B. LE MÉCANISME DE LA PROPOSITION DE LOI : FILIALISATION DE L'ACQUISITION DE TERRES PAR DES SOCIÉTÉS ET EXTENSION DU DROIT DE PRÉEMPTION DES SAFER.
Les dispositions de la loi Sapin II, reprises dans la présente proposition de loi, visent donc à dresser des obstacles aux montages sociétaires permettent d'échapper au contrôle des SAFER sur les cessions de terres agricoles, à travers un mécanisme en deux temps :
- l'article 1 er oblige les personnes morales à acquérir des terres agricoles à travers une société dédiée au portage foncier. Cette disposition permet d'atteindre une transparence complète sur les achats de terres à travers des achats de parts sociales. Cette obligation ne concerne en réalité que peu d'acteurs, dans la mesure où les GAEC, EARL, GFA ou GFR en sont exemptés ;
- l'article 3 étend le droit de préemption des SAFER aux cessions partielles de parts sociales : ainsi, les SAFER disposent d'un droit d'interférer dans les cessions de parts de société.
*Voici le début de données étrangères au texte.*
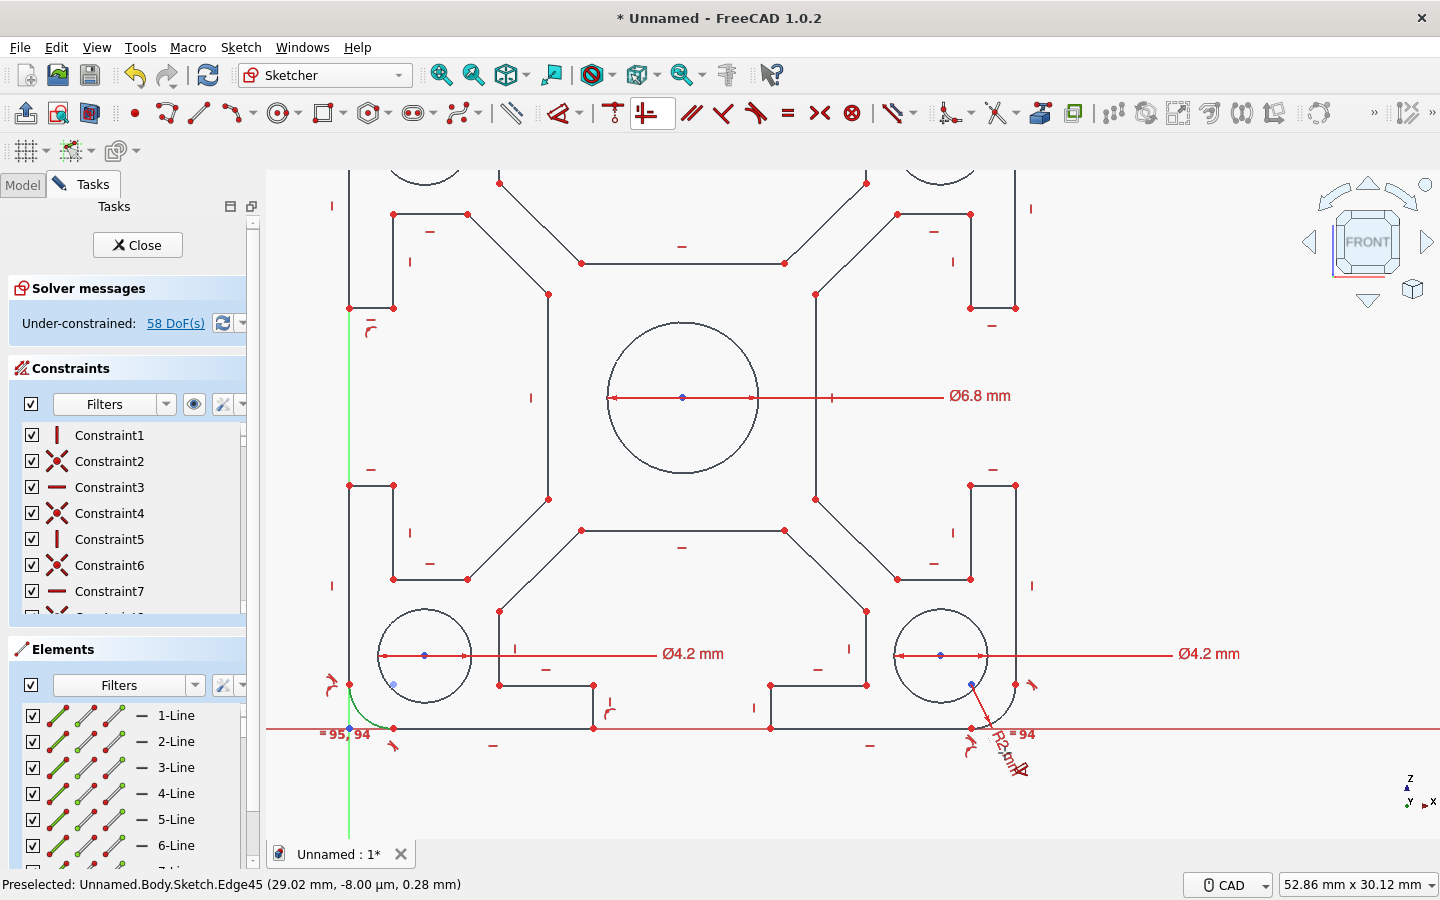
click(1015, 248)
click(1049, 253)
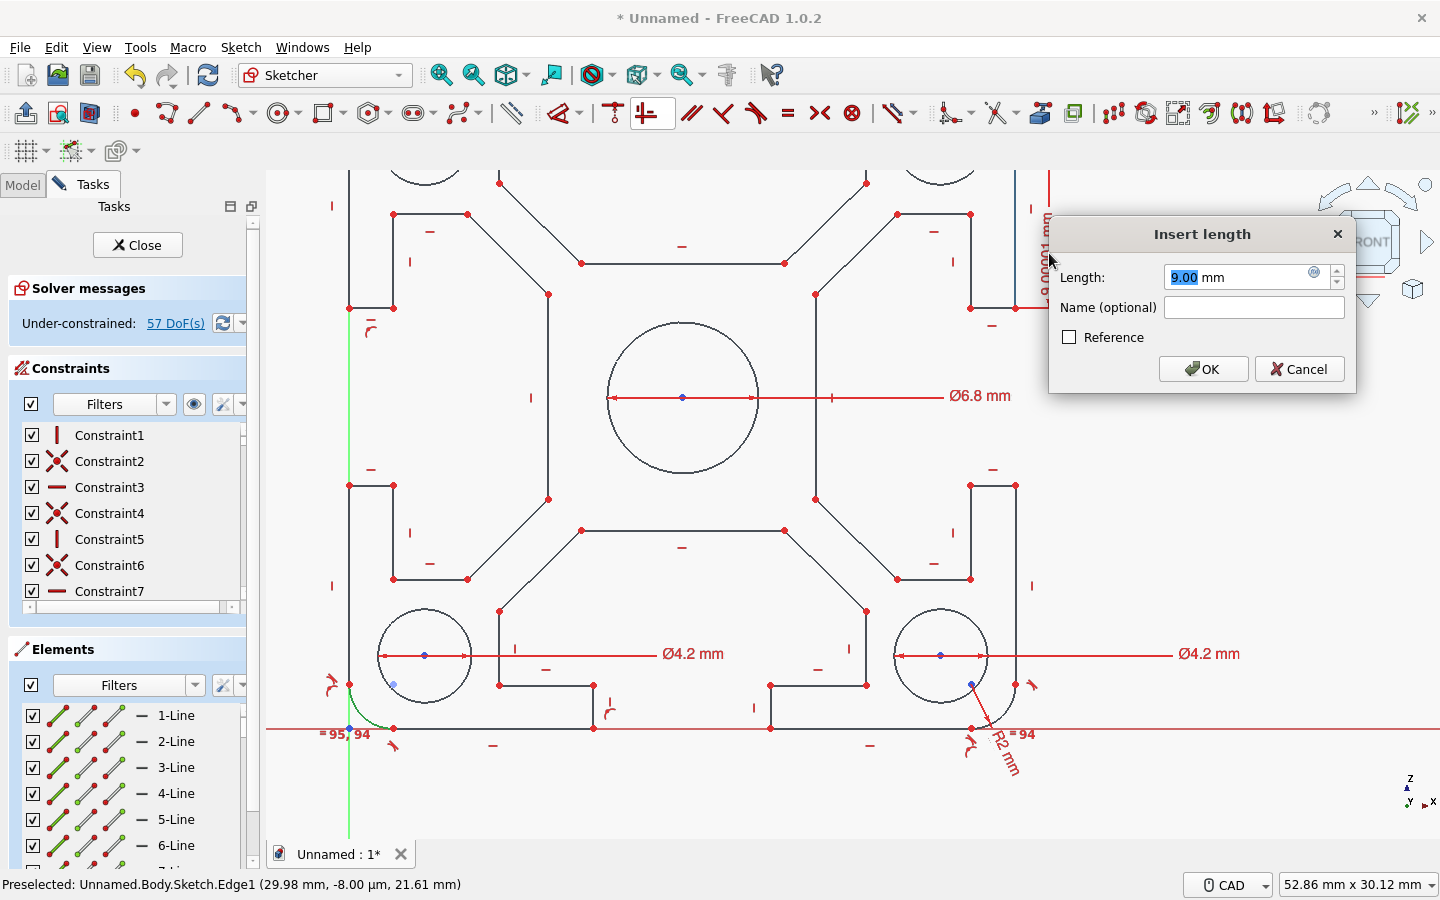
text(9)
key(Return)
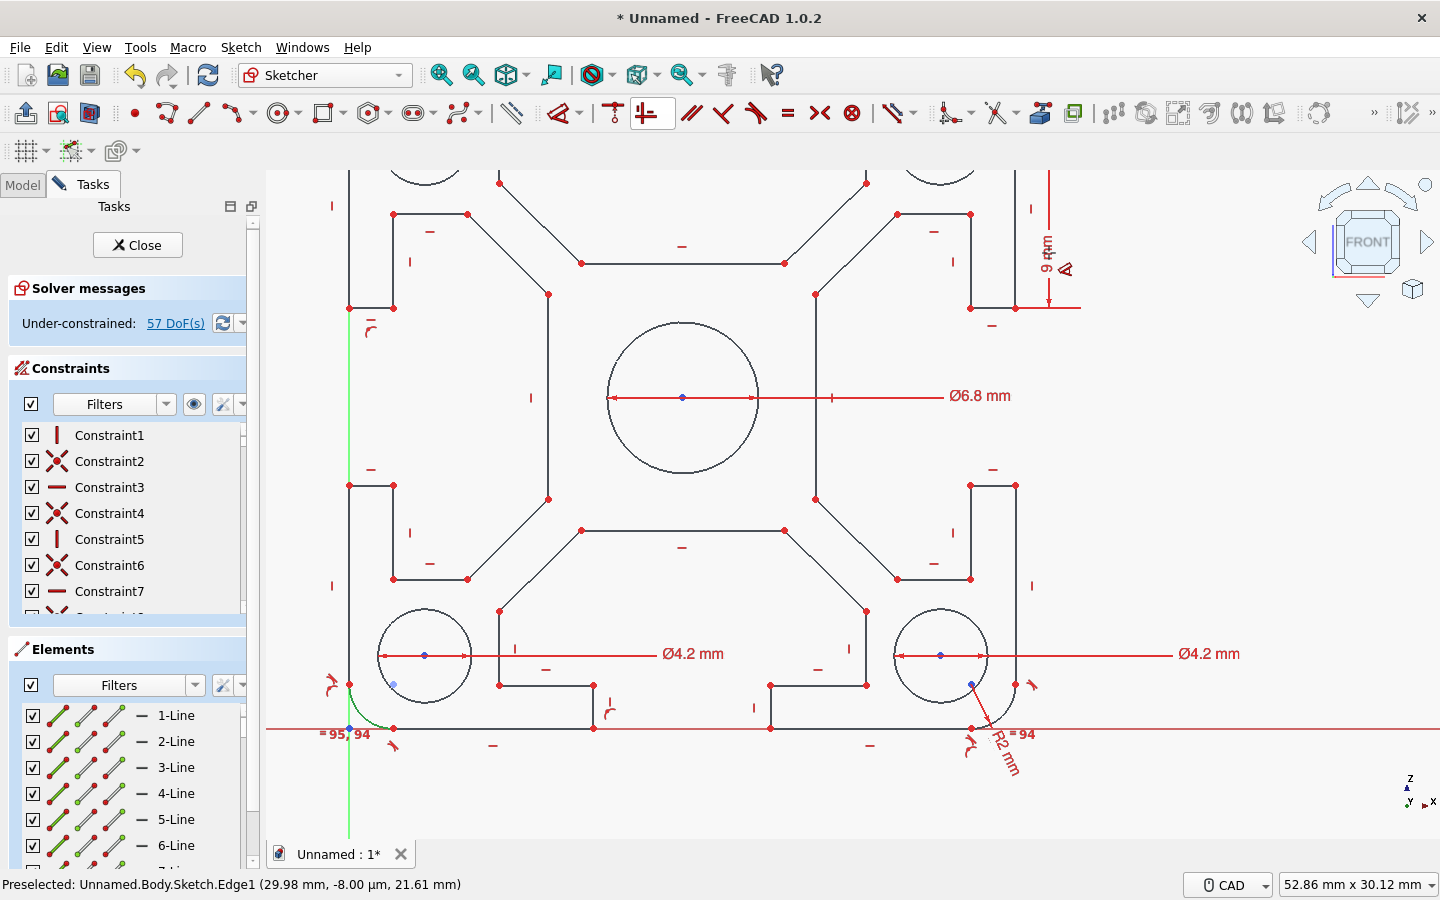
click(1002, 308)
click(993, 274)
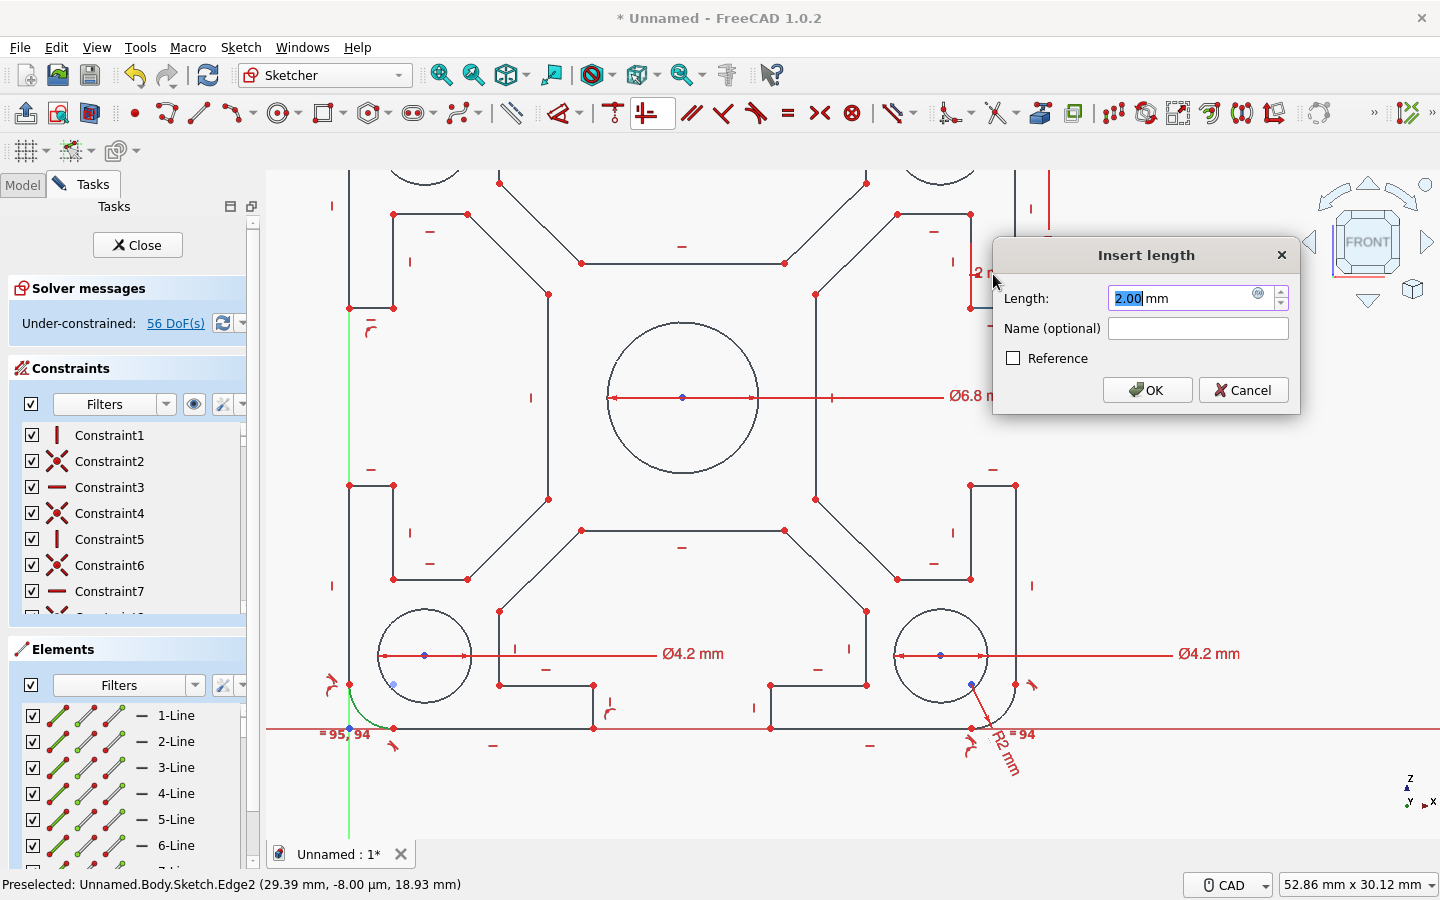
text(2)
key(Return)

Complétées par les trois autres articles du volet foncier, ces dispositions remettent les SAFER au coeur du dispositif de contrôle des concentrations de la propriété foncière.
Les SAFER sont en effet un acteur essentiel du marché foncier rural et le droit de préemption dont elles disposent est un outil puissant d'intervention sur ce marché, même s'il est peu utilisé : sur les 10 300 biens acquis par elles en 2015 et représentant 83 800 hectares, le droit de préemption a été utilisé dans 1 260 cas.
Votre rapporteur n'a pas souhaité remettre en cause les dispositions votées en loi Sapin II sur le foncier agricole. Certes, l'exercice du droit de préemption des SAFER fait l'objet de critiques fortes, notamment parce que la simple menace de l'utilisation de ce droit permet d'être en position de force dans des négociations à l'amiable.
Le rapport public 2014 de la Cour des comptes avait d'ailleurs dressé un bilan critique de l'action des SAFER, qui bénéficient d'un avantage considérable dans leur activité d'intermédiation immobilière : une exonération de droit d'enregistrement, qui s'applique y compris sur les opérations effectuées en dehors de toute préemption.
Pour autant, la SAFER reste le seul instrument à disposition de la puissance publique pour réguler les échanges de foncier agricole et l'extension de son intervention à l'acquisition de parts sociales lors de cessions partielles lui permettra de mieux assurer ses missions.
Par ailleurs, l'obligation de passer par une société de portage foncier pour l'acquisition de terres agricoles accroîtra la transparence sur le marché des terres, même si elle complexifie la tâche des opérateurs économiques. À cet égard, votre rapporteur a souhaité par un amendement accroître les cas d'exonération de cette nouvelle obligation de filialisation aux sociétés souhaitant racheter des terres dont elles sont déjà locataires.
À l'exception de cet ajout, le texte voté par l'Assemblée nationale sur le foncier agricole n'a pas été modifié par votre commission.